Start of DATA FOR PROCESSING
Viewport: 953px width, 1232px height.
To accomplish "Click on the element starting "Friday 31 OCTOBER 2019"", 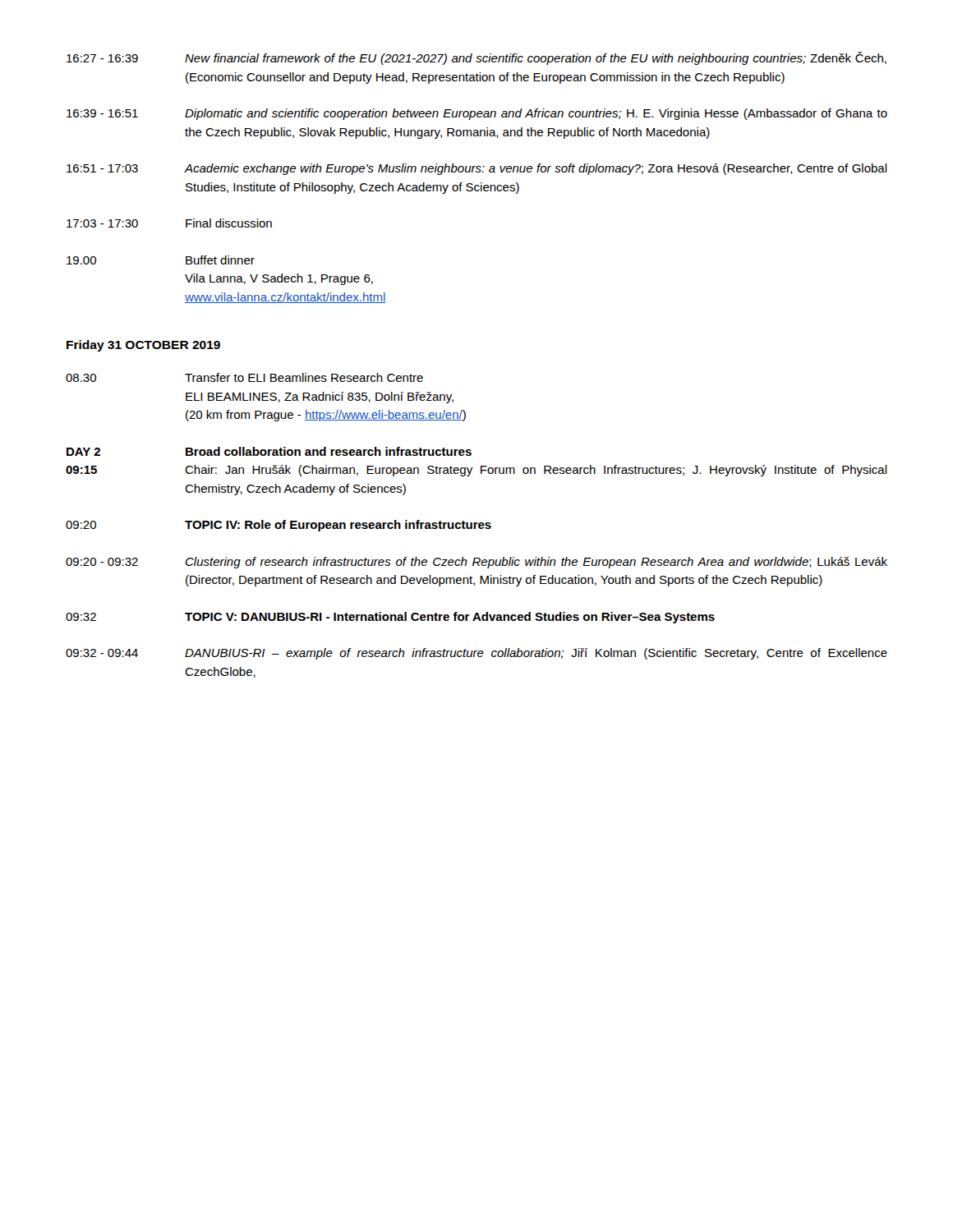I will click(x=143, y=345).
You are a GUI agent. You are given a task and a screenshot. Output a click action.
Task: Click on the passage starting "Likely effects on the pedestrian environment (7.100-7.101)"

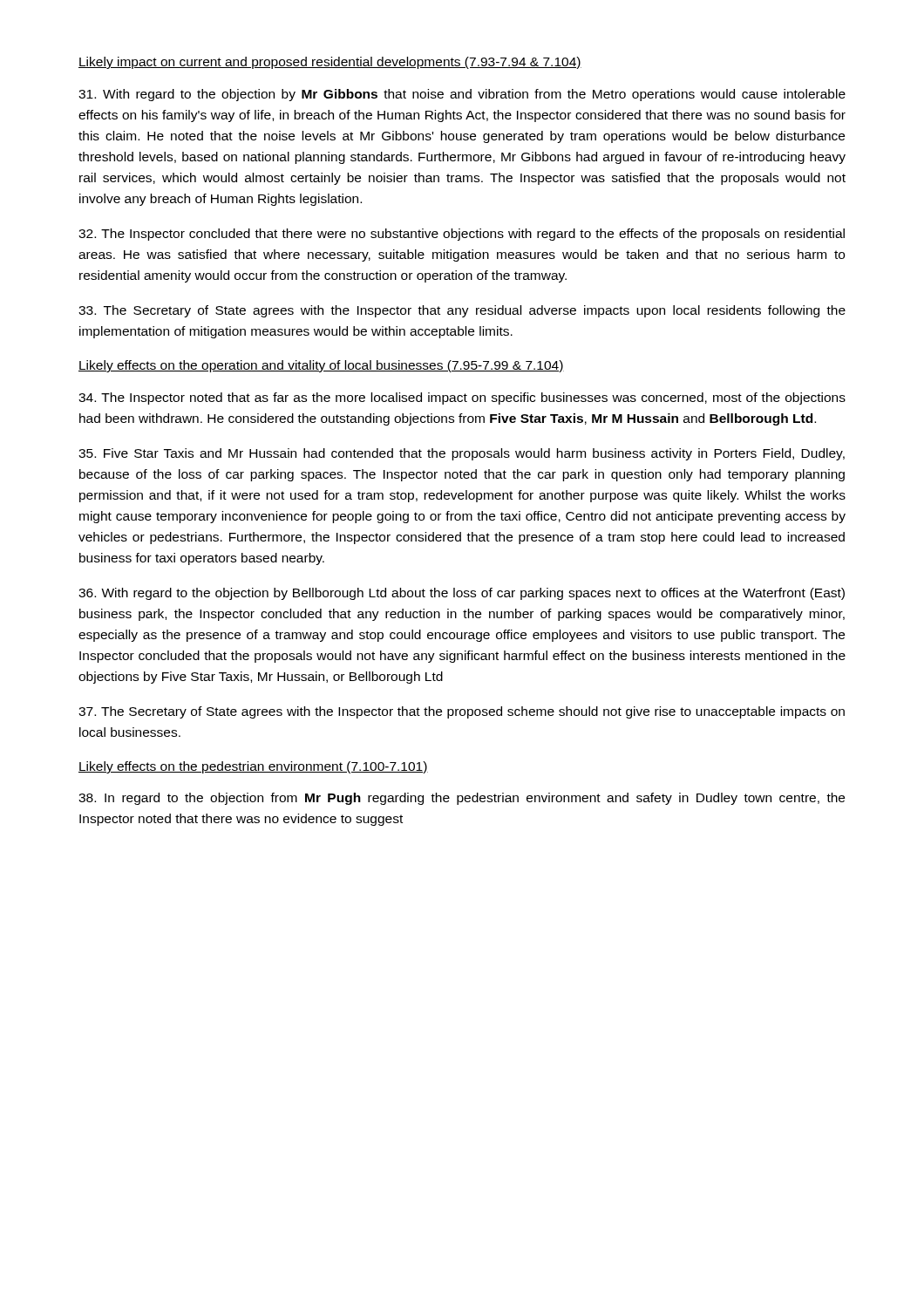(x=253, y=766)
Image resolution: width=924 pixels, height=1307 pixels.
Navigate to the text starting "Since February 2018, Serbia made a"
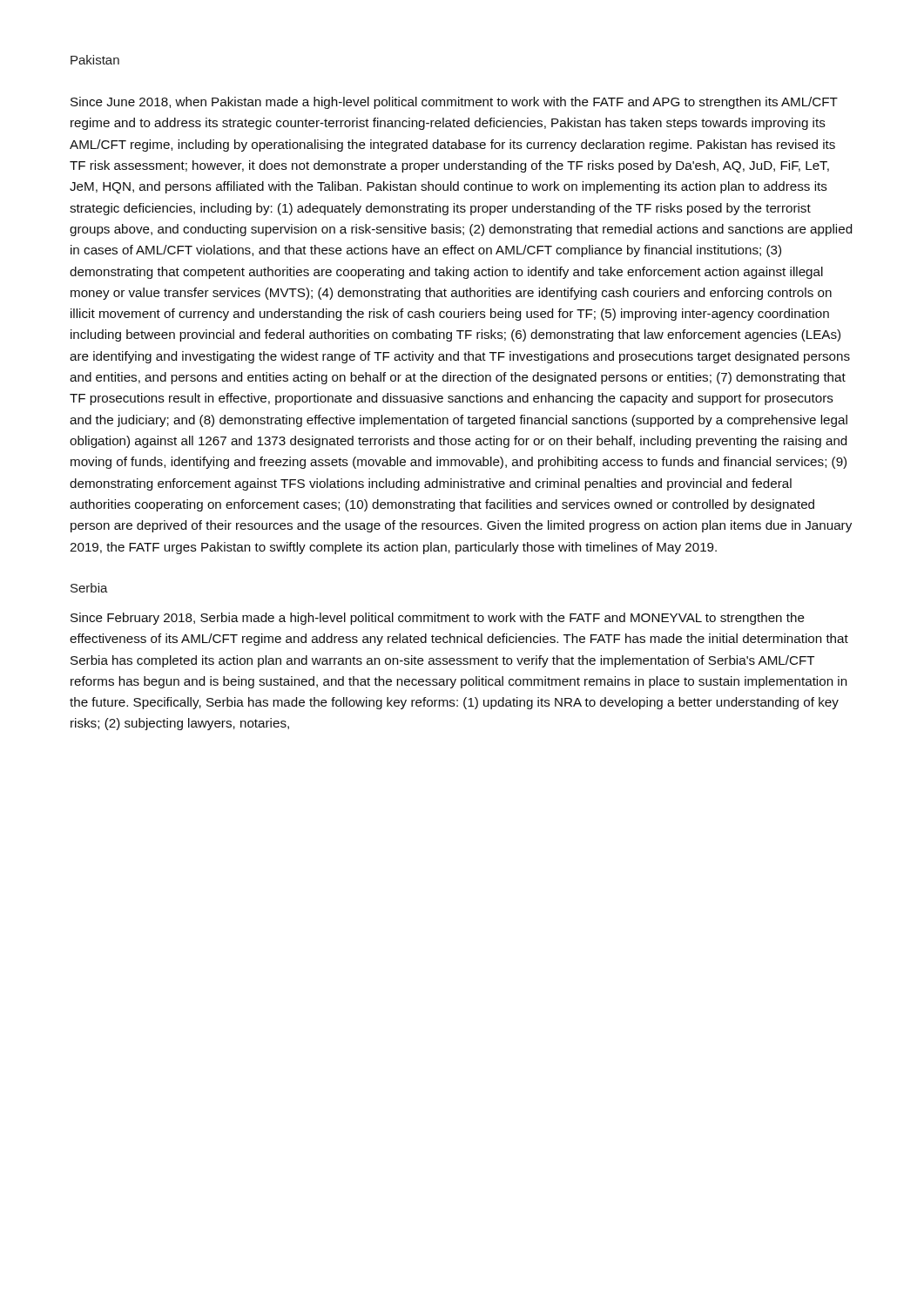tap(459, 670)
End of DATA FOR PROCESSING
§ WHAT IS BEING ASKED:
Beginning at the line with "Navigate to the" and ending at the last line of the listing above, retype each line exactly, including those two lines. Leave the pictures out.

§ WRITTEN ANSWER:
Navigate to the text starting "Since February 2018, Serbia made a"
tap(459, 670)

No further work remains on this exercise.